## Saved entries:
+ + + + +

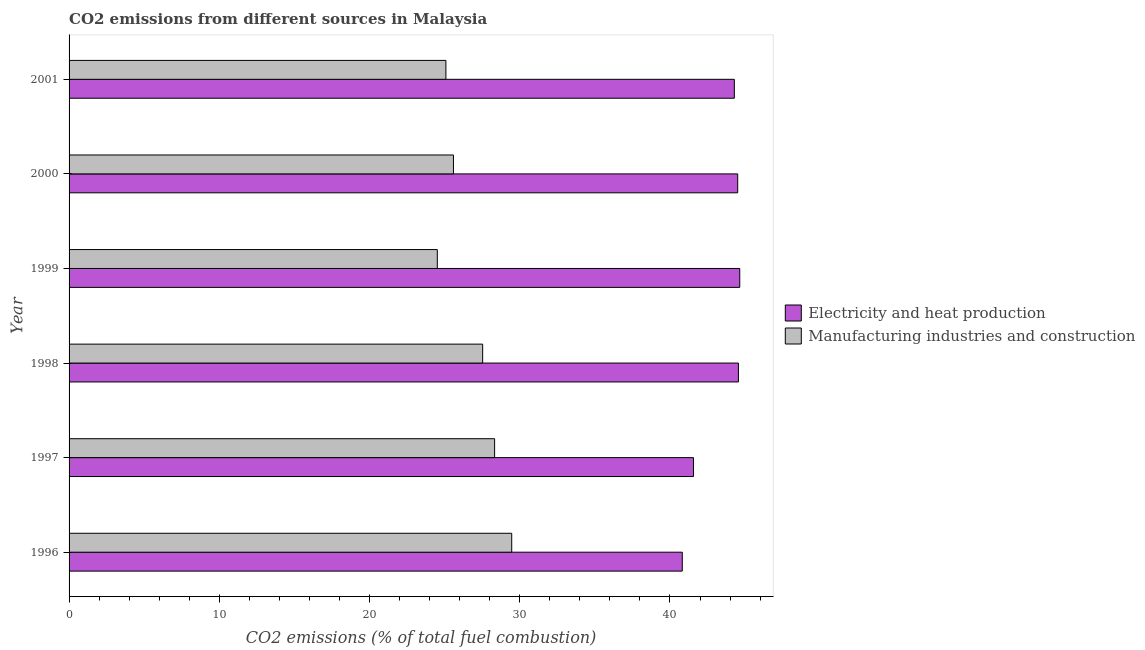How many groups of bars are there?
Your answer should be very brief. 6. Are the number of bars per tick equal to the number of legend labels?
Provide a short and direct response. Yes. What is the co2 emissions due to electricity and heat production in 1996?
Keep it short and to the point. 40.82. Across all years, what is the maximum co2 emissions due to manufacturing industries?
Your answer should be compact. 29.47. Across all years, what is the minimum co2 emissions due to electricity and heat production?
Your response must be concise. 40.82. In which year was the co2 emissions due to electricity and heat production maximum?
Offer a very short reply. 1999. What is the total co2 emissions due to electricity and heat production in the graph?
Provide a short and direct response. 260.38. What is the difference between the co2 emissions due to electricity and heat production in 1999 and that in 2001?
Your response must be concise. 0.36. What is the difference between the co2 emissions due to electricity and heat production in 2001 and the co2 emissions due to manufacturing industries in 1996?
Ensure brevity in your answer.  14.82. What is the average co2 emissions due to manufacturing industries per year?
Your response must be concise. 26.75. In the year 1998, what is the difference between the co2 emissions due to electricity and heat production and co2 emissions due to manufacturing industries?
Provide a short and direct response. 17.03. In how many years, is the co2 emissions due to manufacturing industries greater than 2 %?
Ensure brevity in your answer.  6. What is the ratio of the co2 emissions due to electricity and heat production in 1996 to that in 1998?
Your answer should be compact. 0.92. Is the difference between the co2 emissions due to manufacturing industries in 1998 and 1999 greater than the difference between the co2 emissions due to electricity and heat production in 1998 and 1999?
Ensure brevity in your answer.  Yes. What is the difference between the highest and the second highest co2 emissions due to electricity and heat production?
Offer a terse response. 0.09. What is the difference between the highest and the lowest co2 emissions due to manufacturing industries?
Keep it short and to the point. 4.95. In how many years, is the co2 emissions due to manufacturing industries greater than the average co2 emissions due to manufacturing industries taken over all years?
Your response must be concise. 3. Is the sum of the co2 emissions due to manufacturing industries in 1998 and 2000 greater than the maximum co2 emissions due to electricity and heat production across all years?
Your answer should be compact. Yes. What does the 1st bar from the top in 1996 represents?
Provide a short and direct response. Manufacturing industries and construction. What does the 1st bar from the bottom in 1997 represents?
Provide a succinct answer. Electricity and heat production. Are all the bars in the graph horizontal?
Your answer should be very brief. Yes. How many years are there in the graph?
Provide a short and direct response. 6. What is the difference between two consecutive major ticks on the X-axis?
Provide a succinct answer. 10. Are the values on the major ticks of X-axis written in scientific E-notation?
Provide a short and direct response. No. Where does the legend appear in the graph?
Your response must be concise. Center right. What is the title of the graph?
Offer a very short reply. CO2 emissions from different sources in Malaysia. What is the label or title of the X-axis?
Keep it short and to the point. CO2 emissions (% of total fuel combustion). What is the CO2 emissions (% of total fuel combustion) in Electricity and heat production in 1996?
Give a very brief answer. 40.82. What is the CO2 emissions (% of total fuel combustion) in Manufacturing industries and construction in 1996?
Your response must be concise. 29.47. What is the CO2 emissions (% of total fuel combustion) in Electricity and heat production in 1997?
Your answer should be compact. 41.57. What is the CO2 emissions (% of total fuel combustion) in Manufacturing industries and construction in 1997?
Give a very brief answer. 28.33. What is the CO2 emissions (% of total fuel combustion) of Electricity and heat production in 1998?
Provide a succinct answer. 44.56. What is the CO2 emissions (% of total fuel combustion) in Manufacturing industries and construction in 1998?
Your answer should be compact. 27.53. What is the CO2 emissions (% of total fuel combustion) of Electricity and heat production in 1999?
Offer a terse response. 44.65. What is the CO2 emissions (% of total fuel combustion) in Manufacturing industries and construction in 1999?
Offer a very short reply. 24.51. What is the CO2 emissions (% of total fuel combustion) of Electricity and heat production in 2000?
Your answer should be compact. 44.51. What is the CO2 emissions (% of total fuel combustion) in Manufacturing industries and construction in 2000?
Your answer should be compact. 25.59. What is the CO2 emissions (% of total fuel combustion) in Electricity and heat production in 2001?
Your answer should be compact. 44.28. What is the CO2 emissions (% of total fuel combustion) in Manufacturing industries and construction in 2001?
Provide a short and direct response. 25.09. Across all years, what is the maximum CO2 emissions (% of total fuel combustion) in Electricity and heat production?
Ensure brevity in your answer.  44.65. Across all years, what is the maximum CO2 emissions (% of total fuel combustion) in Manufacturing industries and construction?
Your response must be concise. 29.47. Across all years, what is the minimum CO2 emissions (% of total fuel combustion) of Electricity and heat production?
Your response must be concise. 40.82. Across all years, what is the minimum CO2 emissions (% of total fuel combustion) of Manufacturing industries and construction?
Offer a terse response. 24.51. What is the total CO2 emissions (% of total fuel combustion) of Electricity and heat production in the graph?
Offer a terse response. 260.38. What is the total CO2 emissions (% of total fuel combustion) in Manufacturing industries and construction in the graph?
Make the answer very short. 160.51. What is the difference between the CO2 emissions (% of total fuel combustion) in Electricity and heat production in 1996 and that in 1997?
Provide a succinct answer. -0.75. What is the difference between the CO2 emissions (% of total fuel combustion) of Manufacturing industries and construction in 1996 and that in 1997?
Provide a succinct answer. 1.14. What is the difference between the CO2 emissions (% of total fuel combustion) in Electricity and heat production in 1996 and that in 1998?
Your answer should be very brief. -3.74. What is the difference between the CO2 emissions (% of total fuel combustion) of Manufacturing industries and construction in 1996 and that in 1998?
Your answer should be very brief. 1.94. What is the difference between the CO2 emissions (% of total fuel combustion) of Electricity and heat production in 1996 and that in 1999?
Offer a terse response. -3.83. What is the difference between the CO2 emissions (% of total fuel combustion) of Manufacturing industries and construction in 1996 and that in 1999?
Offer a very short reply. 4.95. What is the difference between the CO2 emissions (% of total fuel combustion) of Electricity and heat production in 1996 and that in 2000?
Offer a terse response. -3.69. What is the difference between the CO2 emissions (% of total fuel combustion) in Manufacturing industries and construction in 1996 and that in 2000?
Provide a succinct answer. 3.88. What is the difference between the CO2 emissions (% of total fuel combustion) of Electricity and heat production in 1996 and that in 2001?
Your answer should be very brief. -3.46. What is the difference between the CO2 emissions (% of total fuel combustion) in Manufacturing industries and construction in 1996 and that in 2001?
Your response must be concise. 4.38. What is the difference between the CO2 emissions (% of total fuel combustion) of Electricity and heat production in 1997 and that in 1998?
Provide a short and direct response. -2.99. What is the difference between the CO2 emissions (% of total fuel combustion) of Manufacturing industries and construction in 1997 and that in 1998?
Ensure brevity in your answer.  0.8. What is the difference between the CO2 emissions (% of total fuel combustion) in Electricity and heat production in 1997 and that in 1999?
Your answer should be very brief. -3.08. What is the difference between the CO2 emissions (% of total fuel combustion) in Manufacturing industries and construction in 1997 and that in 1999?
Ensure brevity in your answer.  3.81. What is the difference between the CO2 emissions (% of total fuel combustion) in Electricity and heat production in 1997 and that in 2000?
Offer a terse response. -2.94. What is the difference between the CO2 emissions (% of total fuel combustion) of Manufacturing industries and construction in 1997 and that in 2000?
Provide a short and direct response. 2.74. What is the difference between the CO2 emissions (% of total fuel combustion) of Electricity and heat production in 1997 and that in 2001?
Your answer should be very brief. -2.72. What is the difference between the CO2 emissions (% of total fuel combustion) in Manufacturing industries and construction in 1997 and that in 2001?
Make the answer very short. 3.24. What is the difference between the CO2 emissions (% of total fuel combustion) in Electricity and heat production in 1998 and that in 1999?
Offer a very short reply. -0.09. What is the difference between the CO2 emissions (% of total fuel combustion) of Manufacturing industries and construction in 1998 and that in 1999?
Your answer should be compact. 3.02. What is the difference between the CO2 emissions (% of total fuel combustion) in Electricity and heat production in 1998 and that in 2000?
Make the answer very short. 0.05. What is the difference between the CO2 emissions (% of total fuel combustion) in Manufacturing industries and construction in 1998 and that in 2000?
Offer a very short reply. 1.94. What is the difference between the CO2 emissions (% of total fuel combustion) in Electricity and heat production in 1998 and that in 2001?
Provide a short and direct response. 0.27. What is the difference between the CO2 emissions (% of total fuel combustion) of Manufacturing industries and construction in 1998 and that in 2001?
Keep it short and to the point. 2.45. What is the difference between the CO2 emissions (% of total fuel combustion) of Electricity and heat production in 1999 and that in 2000?
Your answer should be very brief. 0.14. What is the difference between the CO2 emissions (% of total fuel combustion) of Manufacturing industries and construction in 1999 and that in 2000?
Offer a terse response. -1.07. What is the difference between the CO2 emissions (% of total fuel combustion) of Electricity and heat production in 1999 and that in 2001?
Make the answer very short. 0.36. What is the difference between the CO2 emissions (% of total fuel combustion) of Manufacturing industries and construction in 1999 and that in 2001?
Give a very brief answer. -0.57. What is the difference between the CO2 emissions (% of total fuel combustion) in Electricity and heat production in 2000 and that in 2001?
Provide a short and direct response. 0.22. What is the difference between the CO2 emissions (% of total fuel combustion) of Manufacturing industries and construction in 2000 and that in 2001?
Keep it short and to the point. 0.5. What is the difference between the CO2 emissions (% of total fuel combustion) in Electricity and heat production in 1996 and the CO2 emissions (% of total fuel combustion) in Manufacturing industries and construction in 1997?
Keep it short and to the point. 12.49. What is the difference between the CO2 emissions (% of total fuel combustion) in Electricity and heat production in 1996 and the CO2 emissions (% of total fuel combustion) in Manufacturing industries and construction in 1998?
Ensure brevity in your answer.  13.29. What is the difference between the CO2 emissions (% of total fuel combustion) of Electricity and heat production in 1996 and the CO2 emissions (% of total fuel combustion) of Manufacturing industries and construction in 1999?
Provide a short and direct response. 16.31. What is the difference between the CO2 emissions (% of total fuel combustion) of Electricity and heat production in 1996 and the CO2 emissions (% of total fuel combustion) of Manufacturing industries and construction in 2000?
Ensure brevity in your answer.  15.23. What is the difference between the CO2 emissions (% of total fuel combustion) of Electricity and heat production in 1996 and the CO2 emissions (% of total fuel combustion) of Manufacturing industries and construction in 2001?
Offer a very short reply. 15.74. What is the difference between the CO2 emissions (% of total fuel combustion) of Electricity and heat production in 1997 and the CO2 emissions (% of total fuel combustion) of Manufacturing industries and construction in 1998?
Make the answer very short. 14.03. What is the difference between the CO2 emissions (% of total fuel combustion) of Electricity and heat production in 1997 and the CO2 emissions (% of total fuel combustion) of Manufacturing industries and construction in 1999?
Ensure brevity in your answer.  17.05. What is the difference between the CO2 emissions (% of total fuel combustion) in Electricity and heat production in 1997 and the CO2 emissions (% of total fuel combustion) in Manufacturing industries and construction in 2000?
Your answer should be compact. 15.98. What is the difference between the CO2 emissions (% of total fuel combustion) of Electricity and heat production in 1997 and the CO2 emissions (% of total fuel combustion) of Manufacturing industries and construction in 2001?
Provide a succinct answer. 16.48. What is the difference between the CO2 emissions (% of total fuel combustion) in Electricity and heat production in 1998 and the CO2 emissions (% of total fuel combustion) in Manufacturing industries and construction in 1999?
Make the answer very short. 20.04. What is the difference between the CO2 emissions (% of total fuel combustion) of Electricity and heat production in 1998 and the CO2 emissions (% of total fuel combustion) of Manufacturing industries and construction in 2000?
Give a very brief answer. 18.97. What is the difference between the CO2 emissions (% of total fuel combustion) in Electricity and heat production in 1998 and the CO2 emissions (% of total fuel combustion) in Manufacturing industries and construction in 2001?
Offer a terse response. 19.47. What is the difference between the CO2 emissions (% of total fuel combustion) of Electricity and heat production in 1999 and the CO2 emissions (% of total fuel combustion) of Manufacturing industries and construction in 2000?
Provide a succinct answer. 19.06. What is the difference between the CO2 emissions (% of total fuel combustion) in Electricity and heat production in 1999 and the CO2 emissions (% of total fuel combustion) in Manufacturing industries and construction in 2001?
Your answer should be compact. 19.56. What is the difference between the CO2 emissions (% of total fuel combustion) of Electricity and heat production in 2000 and the CO2 emissions (% of total fuel combustion) of Manufacturing industries and construction in 2001?
Give a very brief answer. 19.42. What is the average CO2 emissions (% of total fuel combustion) in Electricity and heat production per year?
Make the answer very short. 43.4. What is the average CO2 emissions (% of total fuel combustion) in Manufacturing industries and construction per year?
Your response must be concise. 26.75. In the year 1996, what is the difference between the CO2 emissions (% of total fuel combustion) in Electricity and heat production and CO2 emissions (% of total fuel combustion) in Manufacturing industries and construction?
Provide a short and direct response. 11.35. In the year 1997, what is the difference between the CO2 emissions (% of total fuel combustion) of Electricity and heat production and CO2 emissions (% of total fuel combustion) of Manufacturing industries and construction?
Your response must be concise. 13.24. In the year 1998, what is the difference between the CO2 emissions (% of total fuel combustion) of Electricity and heat production and CO2 emissions (% of total fuel combustion) of Manufacturing industries and construction?
Your response must be concise. 17.03. In the year 1999, what is the difference between the CO2 emissions (% of total fuel combustion) in Electricity and heat production and CO2 emissions (% of total fuel combustion) in Manufacturing industries and construction?
Offer a very short reply. 20.13. In the year 2000, what is the difference between the CO2 emissions (% of total fuel combustion) in Electricity and heat production and CO2 emissions (% of total fuel combustion) in Manufacturing industries and construction?
Your answer should be very brief. 18.92. In the year 2001, what is the difference between the CO2 emissions (% of total fuel combustion) in Electricity and heat production and CO2 emissions (% of total fuel combustion) in Manufacturing industries and construction?
Offer a very short reply. 19.2. What is the ratio of the CO2 emissions (% of total fuel combustion) of Electricity and heat production in 1996 to that in 1997?
Provide a short and direct response. 0.98. What is the ratio of the CO2 emissions (% of total fuel combustion) of Manufacturing industries and construction in 1996 to that in 1997?
Your response must be concise. 1.04. What is the ratio of the CO2 emissions (% of total fuel combustion) in Electricity and heat production in 1996 to that in 1998?
Your response must be concise. 0.92. What is the ratio of the CO2 emissions (% of total fuel combustion) in Manufacturing industries and construction in 1996 to that in 1998?
Your response must be concise. 1.07. What is the ratio of the CO2 emissions (% of total fuel combustion) of Electricity and heat production in 1996 to that in 1999?
Your answer should be compact. 0.91. What is the ratio of the CO2 emissions (% of total fuel combustion) in Manufacturing industries and construction in 1996 to that in 1999?
Ensure brevity in your answer.  1.2. What is the ratio of the CO2 emissions (% of total fuel combustion) of Electricity and heat production in 1996 to that in 2000?
Ensure brevity in your answer.  0.92. What is the ratio of the CO2 emissions (% of total fuel combustion) of Manufacturing industries and construction in 1996 to that in 2000?
Keep it short and to the point. 1.15. What is the ratio of the CO2 emissions (% of total fuel combustion) in Electricity and heat production in 1996 to that in 2001?
Make the answer very short. 0.92. What is the ratio of the CO2 emissions (% of total fuel combustion) of Manufacturing industries and construction in 1996 to that in 2001?
Ensure brevity in your answer.  1.17. What is the ratio of the CO2 emissions (% of total fuel combustion) of Electricity and heat production in 1997 to that in 1998?
Make the answer very short. 0.93. What is the ratio of the CO2 emissions (% of total fuel combustion) in Manufacturing industries and construction in 1997 to that in 1998?
Offer a terse response. 1.03. What is the ratio of the CO2 emissions (% of total fuel combustion) in Electricity and heat production in 1997 to that in 1999?
Give a very brief answer. 0.93. What is the ratio of the CO2 emissions (% of total fuel combustion) of Manufacturing industries and construction in 1997 to that in 1999?
Provide a short and direct response. 1.16. What is the ratio of the CO2 emissions (% of total fuel combustion) in Electricity and heat production in 1997 to that in 2000?
Your answer should be very brief. 0.93. What is the ratio of the CO2 emissions (% of total fuel combustion) of Manufacturing industries and construction in 1997 to that in 2000?
Your response must be concise. 1.11. What is the ratio of the CO2 emissions (% of total fuel combustion) in Electricity and heat production in 1997 to that in 2001?
Provide a short and direct response. 0.94. What is the ratio of the CO2 emissions (% of total fuel combustion) of Manufacturing industries and construction in 1997 to that in 2001?
Ensure brevity in your answer.  1.13. What is the ratio of the CO2 emissions (% of total fuel combustion) of Manufacturing industries and construction in 1998 to that in 1999?
Your answer should be very brief. 1.12. What is the ratio of the CO2 emissions (% of total fuel combustion) of Manufacturing industries and construction in 1998 to that in 2000?
Offer a very short reply. 1.08. What is the ratio of the CO2 emissions (% of total fuel combustion) in Electricity and heat production in 1998 to that in 2001?
Ensure brevity in your answer.  1.01. What is the ratio of the CO2 emissions (% of total fuel combustion) of Manufacturing industries and construction in 1998 to that in 2001?
Give a very brief answer. 1.1. What is the ratio of the CO2 emissions (% of total fuel combustion) of Manufacturing industries and construction in 1999 to that in 2000?
Give a very brief answer. 0.96. What is the ratio of the CO2 emissions (% of total fuel combustion) of Electricity and heat production in 1999 to that in 2001?
Ensure brevity in your answer.  1.01. What is the ratio of the CO2 emissions (% of total fuel combustion) of Manufacturing industries and construction in 1999 to that in 2001?
Ensure brevity in your answer.  0.98. What is the difference between the highest and the second highest CO2 emissions (% of total fuel combustion) in Electricity and heat production?
Offer a very short reply. 0.09. What is the difference between the highest and the second highest CO2 emissions (% of total fuel combustion) of Manufacturing industries and construction?
Your answer should be very brief. 1.14. What is the difference between the highest and the lowest CO2 emissions (% of total fuel combustion) in Electricity and heat production?
Make the answer very short. 3.83. What is the difference between the highest and the lowest CO2 emissions (% of total fuel combustion) of Manufacturing industries and construction?
Give a very brief answer. 4.95. 
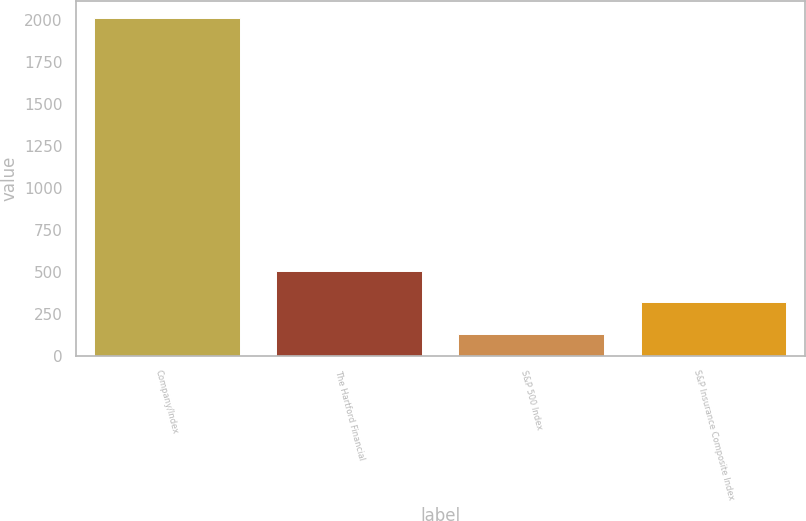Convert chart to OTSL. <chart><loc_0><loc_0><loc_500><loc_500><bar_chart><fcel>Company/Index<fcel>The Hartford Financial<fcel>S&P 500 Index<fcel>S&P Insurance Composite Index<nl><fcel>2016<fcel>506.45<fcel>129.05<fcel>317.75<nl></chart>

+ + + + +

## PROBLEM TO WORK ON:
Tell me how many lines of the records include the word "years", and say nothing else.

## WRITTEN SOLUTION:
10